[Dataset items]

#####

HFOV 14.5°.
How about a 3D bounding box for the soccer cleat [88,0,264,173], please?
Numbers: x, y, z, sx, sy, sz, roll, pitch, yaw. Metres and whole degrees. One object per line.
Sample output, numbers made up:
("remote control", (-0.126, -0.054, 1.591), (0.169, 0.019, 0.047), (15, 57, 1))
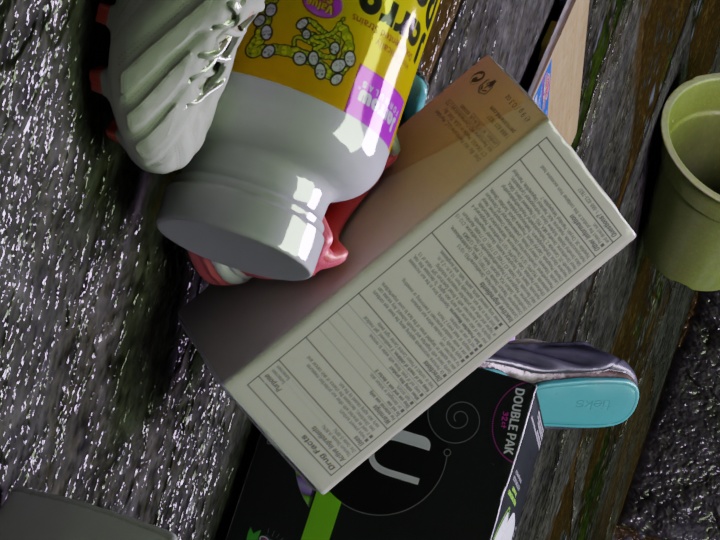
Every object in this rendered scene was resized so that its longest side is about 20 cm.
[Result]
("soccer cleat", (-0.062, -0.114, 1.129), (0.069, 0.077, 0.201), (-61, 163, -47))

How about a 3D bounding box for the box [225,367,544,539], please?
("box", (0.008, 0.151, 1.629), (0.124, 0.148, 0.201), (68, 39, -74))

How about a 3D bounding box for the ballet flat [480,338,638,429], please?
("ballet flat", (0.086, 0.071, 1.825), (0.073, 0.199, 0.073), (0, -90, 59))

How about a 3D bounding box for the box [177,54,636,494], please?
("box", (0.021, 0.002, 1.362), (0.200, 0.078, 0.095), (-38, 125, 1))

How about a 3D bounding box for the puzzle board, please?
("puzzle board", (0.149, -0.125, 2.253), (0.200, 0.017, 0.151), (90, 21, -52))

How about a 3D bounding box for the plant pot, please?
("plant pot", (0.394, -0.080, 3.113), (0.190, 0.199, 0.200), (113, 3, -49))

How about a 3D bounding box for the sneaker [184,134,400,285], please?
("sneaker", (-0.011, -0.076, 1.351), (0.074, 0.086, 0.201), (52, 52, -49))

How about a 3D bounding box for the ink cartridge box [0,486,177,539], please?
("ink cartridge box", (-0.146, 0.208, 1.148), (0.200, 0.084, 0.146), (-58, 160, -49))

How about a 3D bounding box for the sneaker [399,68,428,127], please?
("sneaker", (-0.004, -0.021, 1.431), (0.091, 0.077, 0.201), (-173, -94, -72))

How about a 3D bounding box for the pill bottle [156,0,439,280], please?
("pill bottle", (-0.025, -0.101, 1.255), (0.104, 0.104, 0.201), (63, 44, -73))
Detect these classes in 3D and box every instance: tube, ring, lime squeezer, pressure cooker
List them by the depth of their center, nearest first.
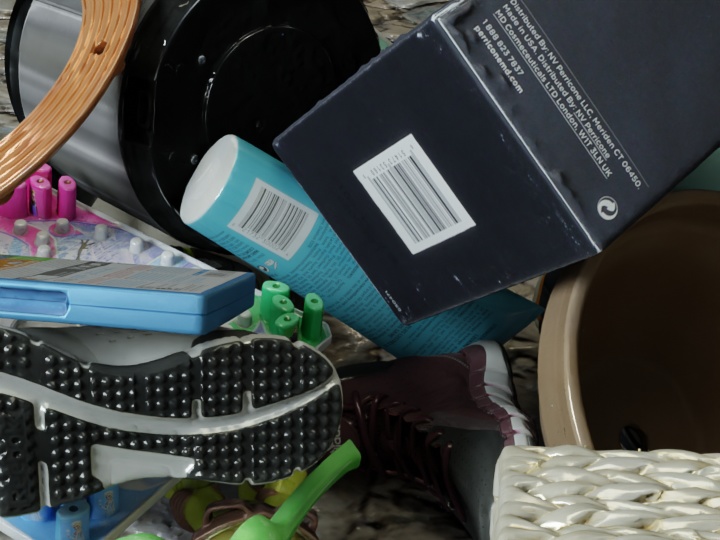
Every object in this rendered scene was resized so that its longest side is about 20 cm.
[{"bbox_3d":[-0.073,0.104,0.608,0.198,0.038,0.071,-7,51,-29],"label":"lime squeezer"},{"bbox_3d":[-0.191,-0.097,0.800,0.199,0.019,0.202,-19,48,22],"label":"ring"},{"bbox_3d":[0.000,0.000,0.817,0.199,0.077,0.051,32,35,-25],"label":"tube"},{"bbox_3d":[-0.104,-0.117,0.891,0.175,0.180,0.199,-21,29,-35],"label":"pressure cooker"}]

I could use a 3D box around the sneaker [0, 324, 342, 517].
[{"bbox_3d":[-0.111,0.056,0.627,0.198,0.075,0.080,3,4,-17],"label":"sneaker"}]

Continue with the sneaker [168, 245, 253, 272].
[{"bbox_3d":[-0.126,0.047,0.814,0.075,0.077,0.200,19,32,26],"label":"sneaker"}]

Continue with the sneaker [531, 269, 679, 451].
[{"bbox_3d":[0.145,0.040,0.874,0.078,0.079,0.201,40,34,-23],"label":"sneaker"}]

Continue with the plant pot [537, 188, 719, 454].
[{"bbox_3d":[0.152,0.071,0.729,0.200,0.203,0.093,-15,-9,-34],"label":"plant pot"}]

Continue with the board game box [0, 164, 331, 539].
[{"bbox_3d":[-0.145,0.030,0.731,0.199,0.026,0.200,25,39,22],"label":"board game box"}]

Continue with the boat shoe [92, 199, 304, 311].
[{"bbox_3d":[-0.104,-0.012,0.970,0.199,0.067,0.057,31,21,38],"label":"boat shoe"}]

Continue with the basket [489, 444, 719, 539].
[{"bbox_3d":[0.136,0.146,0.570,0.198,0.137,0.124,3,23,0],"label":"basket"}]

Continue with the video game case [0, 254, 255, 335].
[{"bbox_3d":[-0.151,0.006,0.652,0.198,0.018,0.143,4,4,4],"label":"video game case"}]

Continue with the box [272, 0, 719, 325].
[{"bbox_3d":[0.094,-0.090,0.726,0.198,0.124,0.200,-40,6,-24],"label":"box"}]

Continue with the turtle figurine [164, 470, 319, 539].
[{"bbox_3d":[-0.058,0.124,0.678,0.198,0.065,0.162,-4,26,-13],"label":"turtle figurine"}]

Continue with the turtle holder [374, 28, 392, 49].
[{"bbox_3d":[-0.037,-0.093,1.050,0.140,0.133,0.185,30,47,34],"label":"turtle holder"}]

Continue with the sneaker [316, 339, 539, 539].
[{"bbox_3d":[0.025,0.094,0.757,0.114,0.076,0.200,-3,15,-1],"label":"sneaker"}]

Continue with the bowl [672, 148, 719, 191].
[{"bbox_3d":[0.227,-0.030,0.867,0.200,0.105,0.202,27,41,-26],"label":"bowl"}]
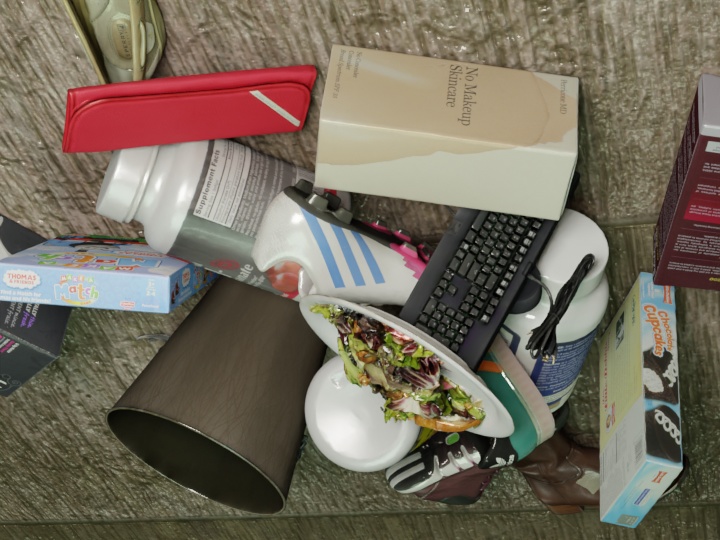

#####

**TASK BRIEF:**
All entries above must be repeated exactly; pictures are to be left out.

**ANSWER SECTION:**
HFOV 14.5°.
How about a 3D bounding box for the soccer cleat [88,0,264,173], please?
Numbers: x, y, z, sx, sy, sz, roll, pitch, yaw. Metres and whole degrees. One object per line.
Sample output, numbers made up:
("remote control", (-0.126, -0.054, 1.591), (0.169, 0.019, 0.047), (15, 57, 1))
Every object in this rendered scene was resized so that its longest side is about 20 cm.
[Result]
("soccer cleat", (-0.062, -0.114, 1.129), (0.069, 0.077, 0.201), (-61, 163, -47))

How about a 3D bounding box for the box [225,367,544,539], please?
("box", (0.008, 0.151, 1.629), (0.124, 0.148, 0.201), (68, 39, -74))

How about a 3D bounding box for the ballet flat [480,338,638,429], please?
("ballet flat", (0.086, 0.071, 1.825), (0.073, 0.199, 0.073), (0, -90, 59))

How about a 3D bounding box for the box [177,54,636,494], please?
("box", (0.021, 0.002, 1.362), (0.200, 0.078, 0.095), (-38, 125, 1))

How about a 3D bounding box for the puzzle board, please?
("puzzle board", (0.149, -0.125, 2.253), (0.200, 0.017, 0.151), (90, 21, -52))

How about a 3D bounding box for the plant pot, please?
("plant pot", (0.394, -0.080, 3.113), (0.190, 0.199, 0.200), (113, 3, -49))

How about a 3D bounding box for the sneaker [184,134,400,285], please?
("sneaker", (-0.011, -0.076, 1.351), (0.074, 0.086, 0.201), (52, 52, -49))

How about a 3D bounding box for the ink cartridge box [0,486,177,539], please?
("ink cartridge box", (-0.146, 0.208, 1.148), (0.200, 0.084, 0.146), (-58, 160, -49))

How about a 3D bounding box for the sneaker [399,68,428,127], please?
("sneaker", (-0.004, -0.021, 1.431), (0.091, 0.077, 0.201), (-173, -94, -72))

How about a 3D bounding box for the pill bottle [156,0,439,280], please?
("pill bottle", (-0.025, -0.101, 1.255), (0.104, 0.104, 0.201), (63, 44, -73))
Detect these classes in 3D and box every instance: tube, ring, lime squeezer, pressure cooker
List them by the depth of their center, nearest first.
Every object in this rendered scene was resized so that its longest side is about 20 cm.
[{"bbox_3d":[-0.073,0.104,0.608,0.198,0.038,0.071,-7,51,-29],"label":"lime squeezer"},{"bbox_3d":[-0.191,-0.097,0.800,0.199,0.019,0.202,-19,48,22],"label":"ring"},{"bbox_3d":[0.000,0.000,0.817,0.199,0.077,0.051,32,35,-25],"label":"tube"},{"bbox_3d":[-0.104,-0.117,0.891,0.175,0.180,0.199,-21,29,-35],"label":"pressure cooker"}]

I could use a 3D box around the sneaker [0, 324, 342, 517].
[{"bbox_3d":[-0.111,0.056,0.627,0.198,0.075,0.080,3,4,-17],"label":"sneaker"}]

Continue with the sneaker [168, 245, 253, 272].
[{"bbox_3d":[-0.126,0.047,0.814,0.075,0.077,0.200,19,32,26],"label":"sneaker"}]

Continue with the sneaker [531, 269, 679, 451].
[{"bbox_3d":[0.145,0.040,0.874,0.078,0.079,0.201,40,34,-23],"label":"sneaker"}]

Continue with the plant pot [537, 188, 719, 454].
[{"bbox_3d":[0.152,0.071,0.729,0.200,0.203,0.093,-15,-9,-34],"label":"plant pot"}]

Continue with the board game box [0, 164, 331, 539].
[{"bbox_3d":[-0.145,0.030,0.731,0.199,0.026,0.200,25,39,22],"label":"board game box"}]

Continue with the boat shoe [92, 199, 304, 311].
[{"bbox_3d":[-0.104,-0.012,0.970,0.199,0.067,0.057,31,21,38],"label":"boat shoe"}]

Continue with the basket [489, 444, 719, 539].
[{"bbox_3d":[0.136,0.146,0.570,0.198,0.137,0.124,3,23,0],"label":"basket"}]

Continue with the video game case [0, 254, 255, 335].
[{"bbox_3d":[-0.151,0.006,0.652,0.198,0.018,0.143,4,4,4],"label":"video game case"}]

Continue with the box [272, 0, 719, 325].
[{"bbox_3d":[0.094,-0.090,0.726,0.198,0.124,0.200,-40,6,-24],"label":"box"}]

Continue with the turtle figurine [164, 470, 319, 539].
[{"bbox_3d":[-0.058,0.124,0.678,0.198,0.065,0.162,-4,26,-13],"label":"turtle figurine"}]

Continue with the turtle holder [374, 28, 392, 49].
[{"bbox_3d":[-0.037,-0.093,1.050,0.140,0.133,0.185,30,47,34],"label":"turtle holder"}]

Continue with the sneaker [316, 339, 539, 539].
[{"bbox_3d":[0.025,0.094,0.757,0.114,0.076,0.200,-3,15,-1],"label":"sneaker"}]

Continue with the bowl [672, 148, 719, 191].
[{"bbox_3d":[0.227,-0.030,0.867,0.200,0.105,0.202,27,41,-26],"label":"bowl"}]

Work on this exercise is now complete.